Slow performance, working with large numbers of files

  • November 23, 2016
  • 1 reply
  • 1274 views

I have a library of about 40,000 images, mainly raw and some jpeg. Each shoot has its own folder, and each year's worth of shoots has its own parent folder. This makes browsing each folder very quick, whilst tidying older shoots away until needed. Most of my images are tagged with keywords, including subject and location.

Occasionally, I need to look at images with common keywords. This is where Bridge usually comes unstuck, especially if the number of results is in the thousands. I often dump the results of searches into a Collection, and then work with the Collection, adding and removing images as I go. More than a few thousand though and Bridge becomes deadful to use, with long delays after each action, even though I have a pretty fast and well-configured computer.

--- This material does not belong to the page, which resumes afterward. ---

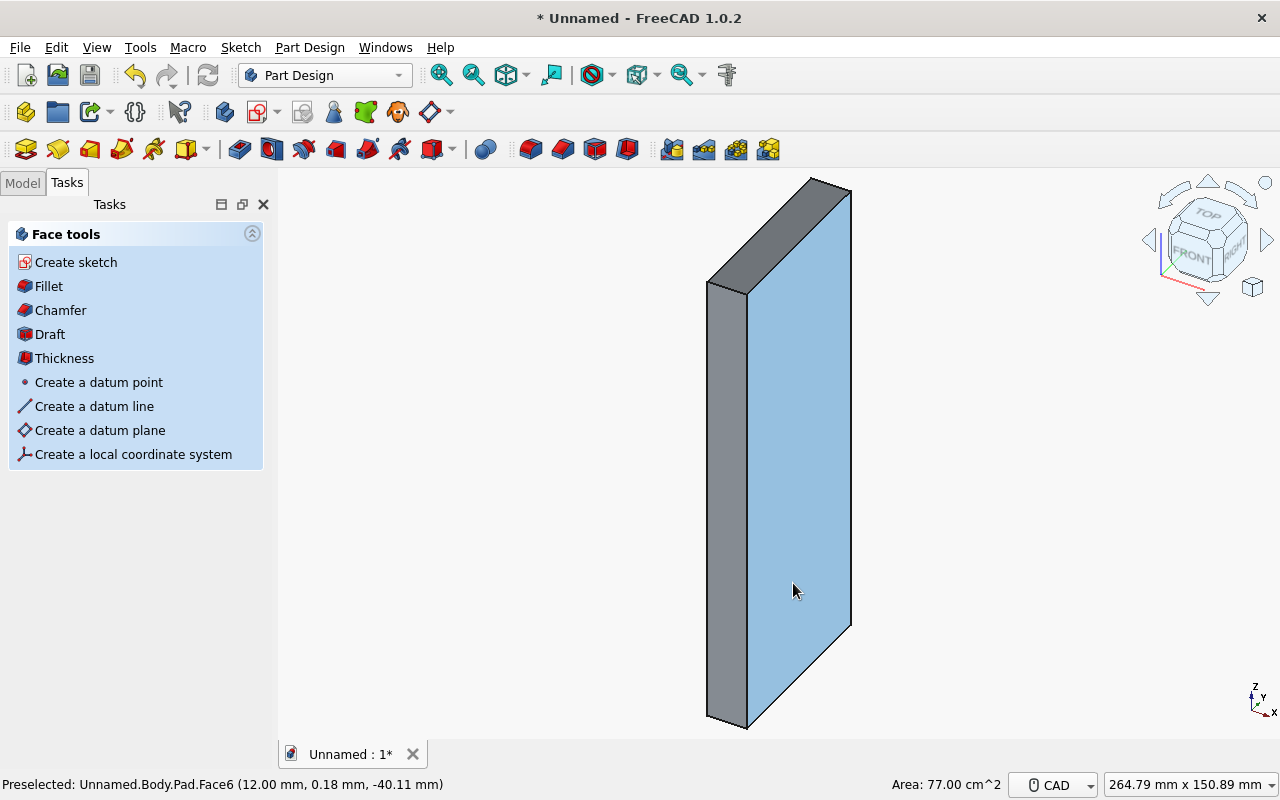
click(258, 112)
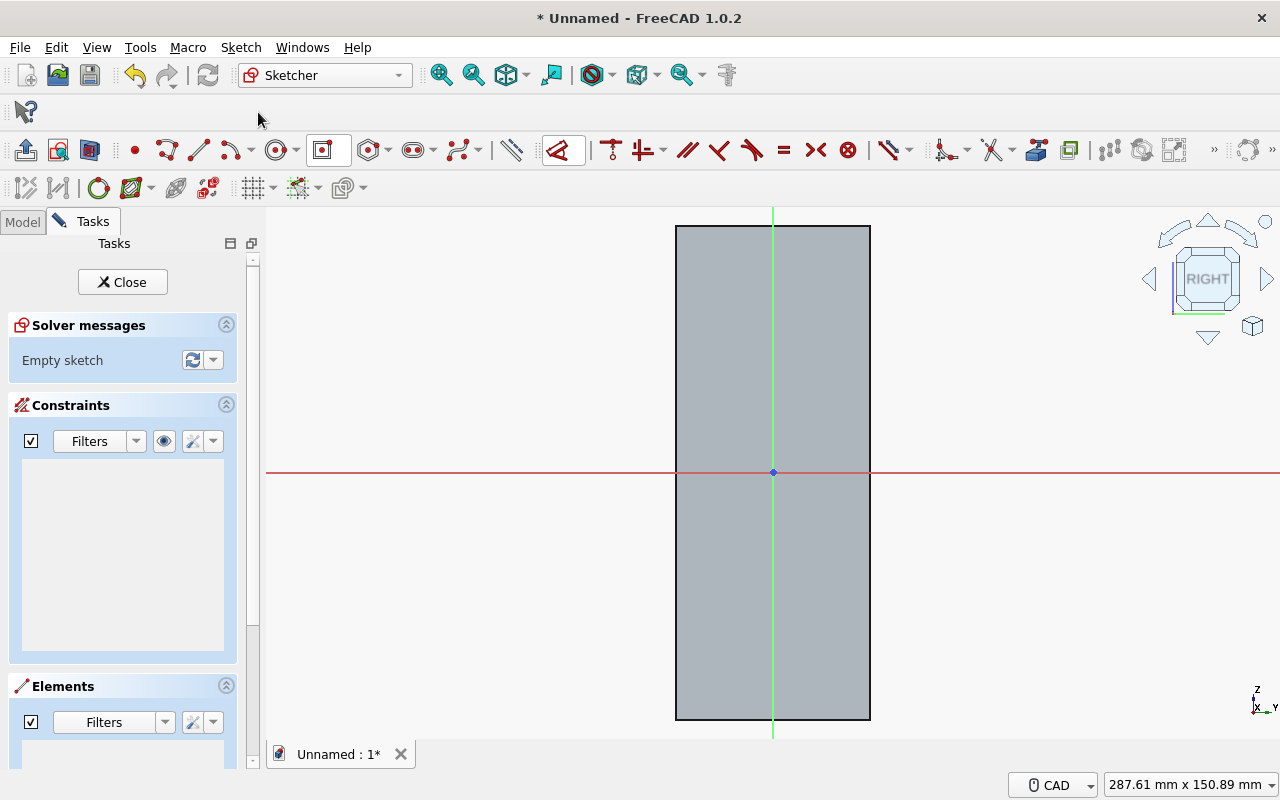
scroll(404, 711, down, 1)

Looking in Task Manager, I see that these long pauses show Bridge working at 12% CPU. My guess is that Collection and Filter operations on the Content panel are using one core out of 8 on my i7 processor. This is frustrating when I'm waiting for up to a minute for Bridge to catch up. Layman's logic suggests that Bridge could do these things in up to an eighth of the time, if it used more of the CPU resources.

Does anyone know what I can do to speed things up? Any tips and tricks? Or is Bridge just not built for handling lots of images?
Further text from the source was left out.